Ей было пятнадцать, а Зеббо тридцать два, когда они поженились.
Не прошло и двух дней после свадьбы, как Зеббо заговорил о ее даре и о том, что они могут вместе сотворить.
Кэти-Мэй не особенно была уверена, что у нее есть дар, поскольку он был связан с Салли и ее снами, а об этом она вообще не любила думать. Зебулон настаивал. Она знала, что в ней есть сила, никуда не делась, но она этой силы боялась. А если эта сила ускользнет от нее и сделает Зебулону плохо? Кэти-Мэй пыталась объяснить мужу свои страхи, но он не понимал ее нерешительности. Заставить себя рассказать ему, что случилось с ее семьей, она не могла. Может быть, если бы она себе переломила и рассказала, все было по-другому. Да нет, зная Зебулона – вряд ли.

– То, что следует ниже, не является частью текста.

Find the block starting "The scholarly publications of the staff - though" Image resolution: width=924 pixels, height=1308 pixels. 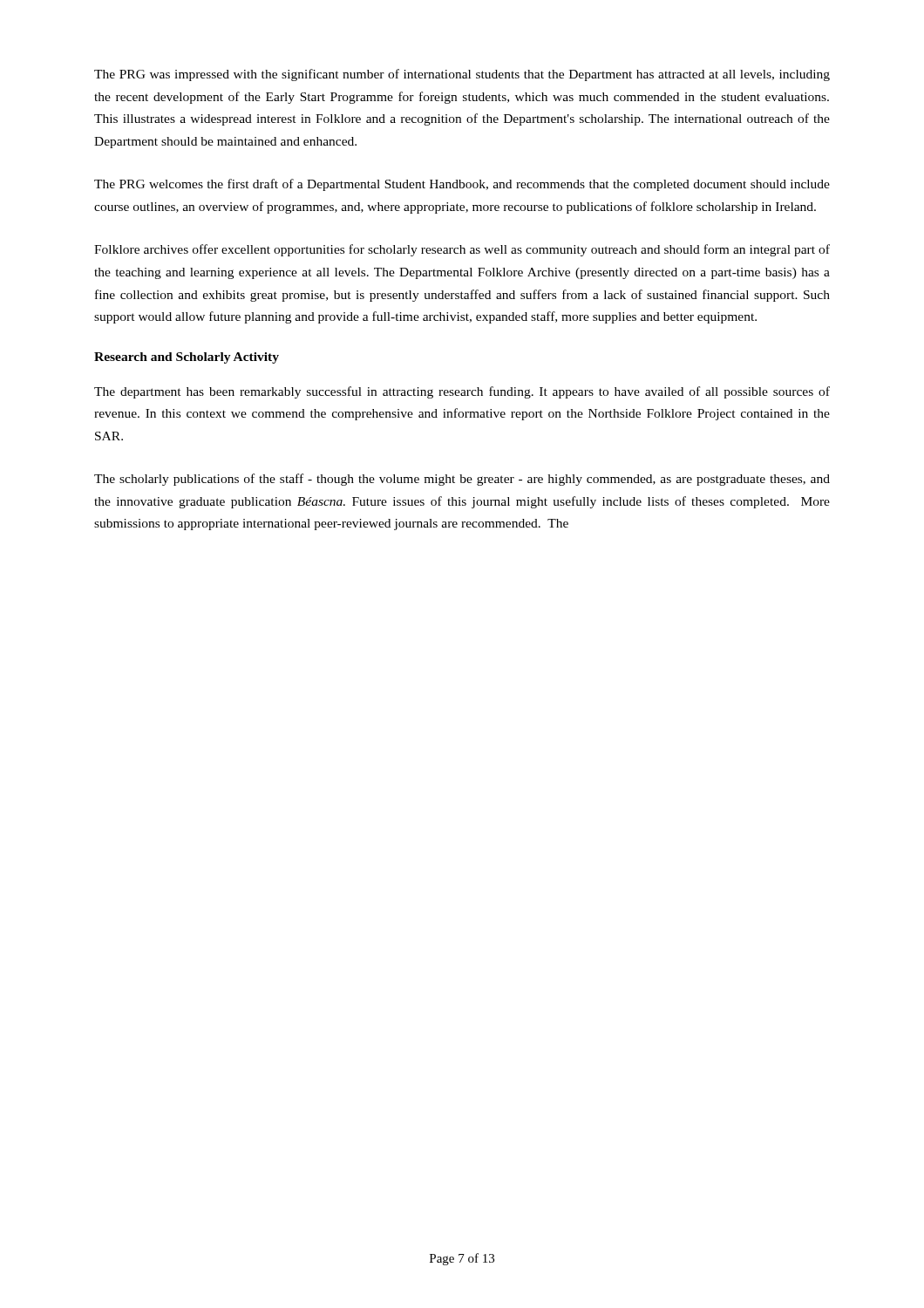point(462,501)
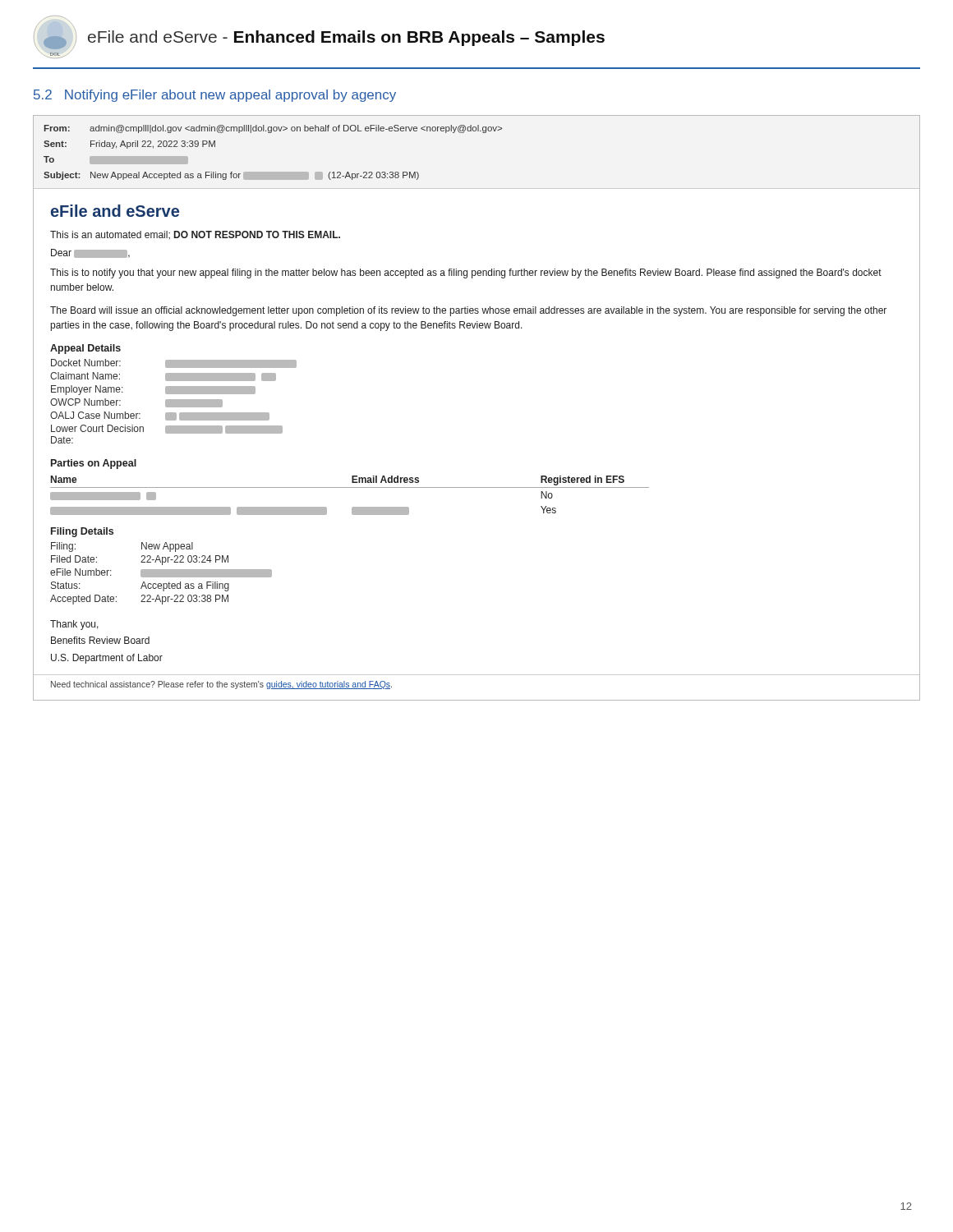Locate the element starting "Filing Details"
This screenshot has width=953, height=1232.
coord(82,531)

В конце концов Зеб уболтал свою, невесту работать «передатчиком психоэнергии» на его представлениях. Зрители писали на карточках имя и адрес и отдавали их Кэтрин (Зебулон в медовый месяц сразу дал ей новое имя), а она «транслировала» их Зебулону, который стоял на сцене с завязанными глазами. Когда она пыталась залезать в умы публики за дополнительными сведениями, о которых не спрашивала, это иногда невольно приводило к временному параличу или эпилептическому припадку кого-нибудь из зрителей. Зебулон требовал, чтобы она работала только с карточками.
Выступления шли успешно, но Зебулону было мало хороших сборов на ярмарках. В шестидесятом, через два года после свадьбы, ему пришло в голову заделаться странствующим проповедником.
– Детка, этот рэкет прямо для нас создан! Нам нужна только палатка, несколько складных стульев, подиум и подержанный грузовик. Целые стада вахлаков выстроятся в очередь, уговаривая нас взять у них денежки! Что скажешь, лапонька? Тебя устраивает?
Конечно, устраивало. Ее устраивало все, чего хотел Зеб.
Первые дни были самыми трудными. Денег едва хватало на прокорм, не говоря уже о бензине для переездов. Иногда, в жару, когда палатка наполнялась потными вонючими психами а голос Зебулона гремел о вечном проклятии и грехах плоти, Кэтрин казалось, что среди публики сидит папаша с глазами, полными виски и Господа, а рваный разрез горла покрыт запекшейся кровью. Иногда появлялась мама, прижимая зарезанного младенца к обугленной груди, и качалась в такт мелодии гимна. Тогда Кэтрин и начала пить.